Malgré la crise économique, une vague d'entreprenariat déferle sur Bangalore, la ville qui dicte les tendances économiques de l'Inde depuis plus d'une décennie. Un phénomène qui risque fort de changer le visage du pays...mais qui ne profite pas à tous.

Le contraste frappe quiconque se dirige vers la Cité électronique, l'immense parc industriel de Bangalore. D'un côté s'entassent les cabanes de tôle, les mendiants et la poussière. De l'autre s'élèvent l'immense pyramide de verre et les bâtiments futuristes du géant indien Infosys au milieu d'une pelouse manucurée.

Entre les deux, les motos et les rickshaws zigzaguent entre les vaches sacrées et les voitures sur l'asphalte défoncé de l'imposant boulevard Hosur.

C'est dans les tours de verre d'Infosys que Niranjan Gowda a débuté sa carrière d'ingénieur.
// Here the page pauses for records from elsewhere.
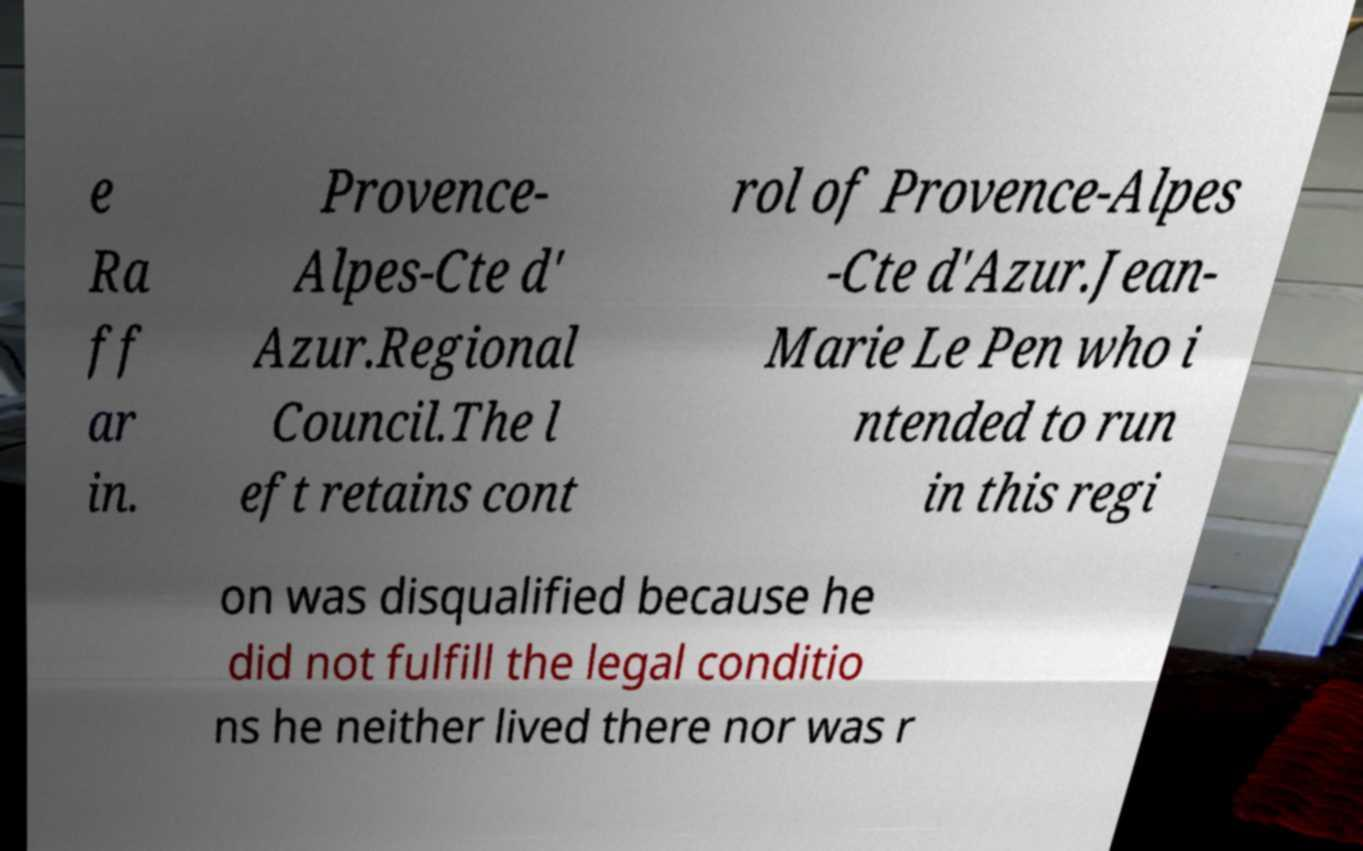There's text embedded in this image that I need extracted. Can you transcribe it verbatim? e Ra ff ar in. Provence- Alpes-Cte d' Azur.Regional Council.The l eft retains cont rol of Provence-Alpes -Cte d'Azur.Jean- Marie Le Pen who i ntended to run in this regi on was disqualified because he did not fulfill the legal conditio ns he neither lived there nor was r 
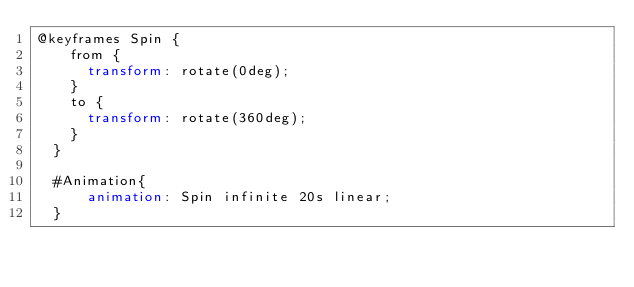Convert code to text. <code><loc_0><loc_0><loc_500><loc_500><_CSS_>@keyframes Spin {
    from {
      transform: rotate(0deg);
    }
    to {
      transform: rotate(360deg);
    }
  }

  #Animation{
      animation: Spin infinite 20s linear;
  }</code> 
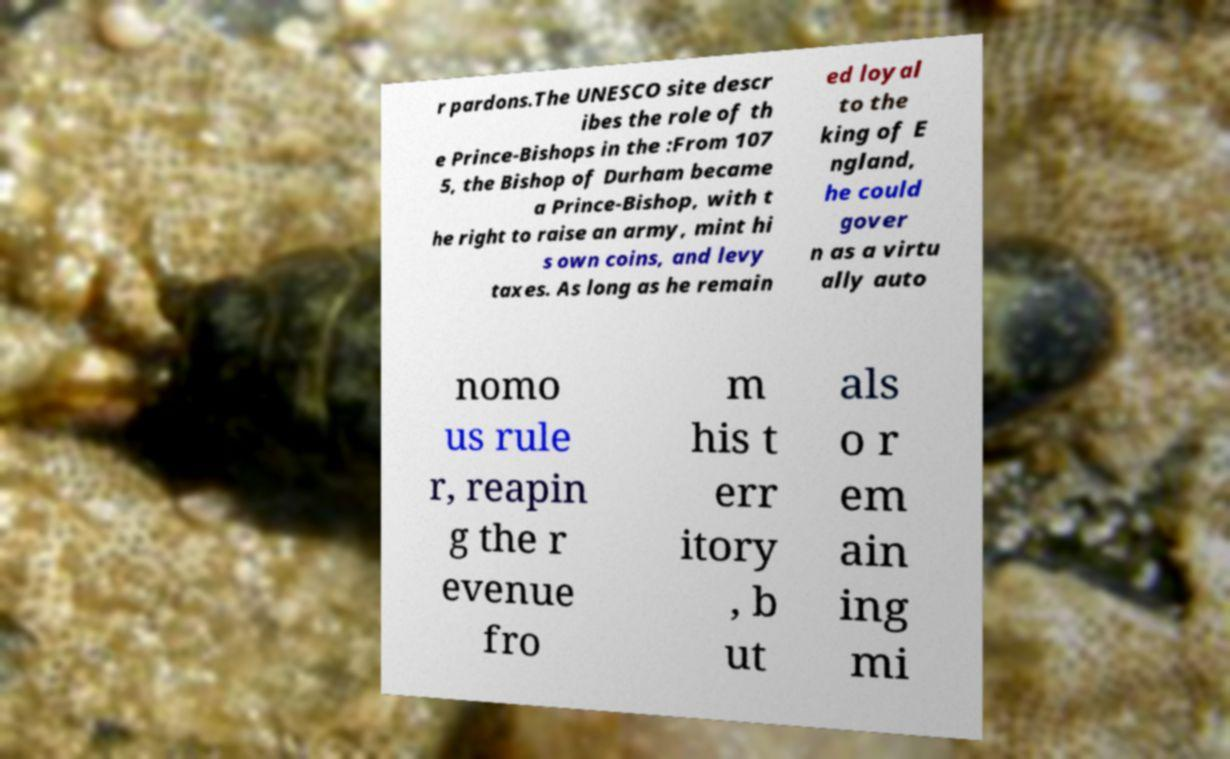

Examiner son CV, c'est comprendre toute l'évolution de Bangalore et de l'Inde moderne.

Avec d'autres entreprises comme Wipro, Infosys fait partie des géants indiens qui ont popularisé l'idée de l'impartition – ce phénomène, aussi appelé outsourcing, qui pousse les entreprises occidentales à transférer une partie de leurs opérations en Inde pour réduire leurs coûts.

L'impartition est le pain et le beurre de l'Inde moderne. Elle a fortement contribué à propulser le pays parmi les champions mondiaux de la croissance économique et fonctionne pour une raison bien connue: la main-d'oeuvre indienne est à la fois bien formée et bon marché.

Niranjan Gowda gagnait 4000$ par année quand il est entré chez Infosys en 2004. Son rôle: tester un système de télécommunications mis au point par une certaine... Nortel.

«À un moment donné, j'ai vu que ça n'allait pas trop bien... Disons que j'ai laissé l'emploi avant qu'il ne me laisse.» 

Il est passé chez Huawei, une entreprise de télécommunications chinoise aussi débarquée à Bangalore pour profiter de ses ingénieurs à rabais. 

C'est d'abord le climat clément, puis le dynamisme généré par chaque nouvelle arrivée, qui a fait déferler les multinationales ici.

Le boom a donné naissance au Bangalore moderne qui effectue des tâches simples à faible coût pour le reste du monde. Celui où, quand la nuit tombe, des milliers jeunes convergent vers les centres d'appels pour répondre aux demandes des Américains et les Canadiens qui commencent leur journée.

Mais ce Bangalore est en train de donner naissance à une nouvelle version de la ville. Un «Bangalore 2.0» basé sur l'innovation et l'entreprenariat.

Le phénomène est simple. Dans le vaste terrain de jeux qu'est devenue leur ville, les jeunes comme Niranjan Gowda améliorent leur position en sautant d'une opportunité à l'autre (M. Gowda a fini par abandonner Huawei pour passer chez Nokia-Siemens, avant de lancer son entreprise).

Bangalore progresse au même rythme. 

Quand l'entreprise américaine Cisco a déménagé ici plusieurs de ses hauts dirigeants en 2007 pour y fonder un second siège social, plusieurs ont compris que la ville n'était plus seulement l'arrière-bureau du monde occidental.

IBM et Microsoft ont investi chacun quelques milliards de dollars pour implanter à Bangalore d'énormes centres de recherche. La montréalaise CGI fait aussi partie des entreprises qui, non contentes d'effectuer ici des tâches simples, y font également de la R&D.

Ce virage vers l'innovation met les jeunes Indiens en contact avec des emplois de plus en plus avancés. Et leur donne des idées pour se partir en affaires.

Sarayu Srinivasan est directrice d'Intel Capital, une branche du géant informatique Intel qui investit du capital-risque dans des entreprises en démarrage.

«Un riche écosystème a émergé autour des technologies de l'information, explique-t-elle. On a vu la création de bassins de talent et d'expertise, de fournisseurs de capitaux, de conseillers pour les entrepreneurs, d'institutions de formation, etc.

«Des gens de partout viennent ici et interagissent, continue Mme Srinivasan. Bangalore est devenu un point de migration naturel pour ceux qui ont des ambitions entrepreneuriales. Et un terrain fertile pour transformer des rêves en réalité.»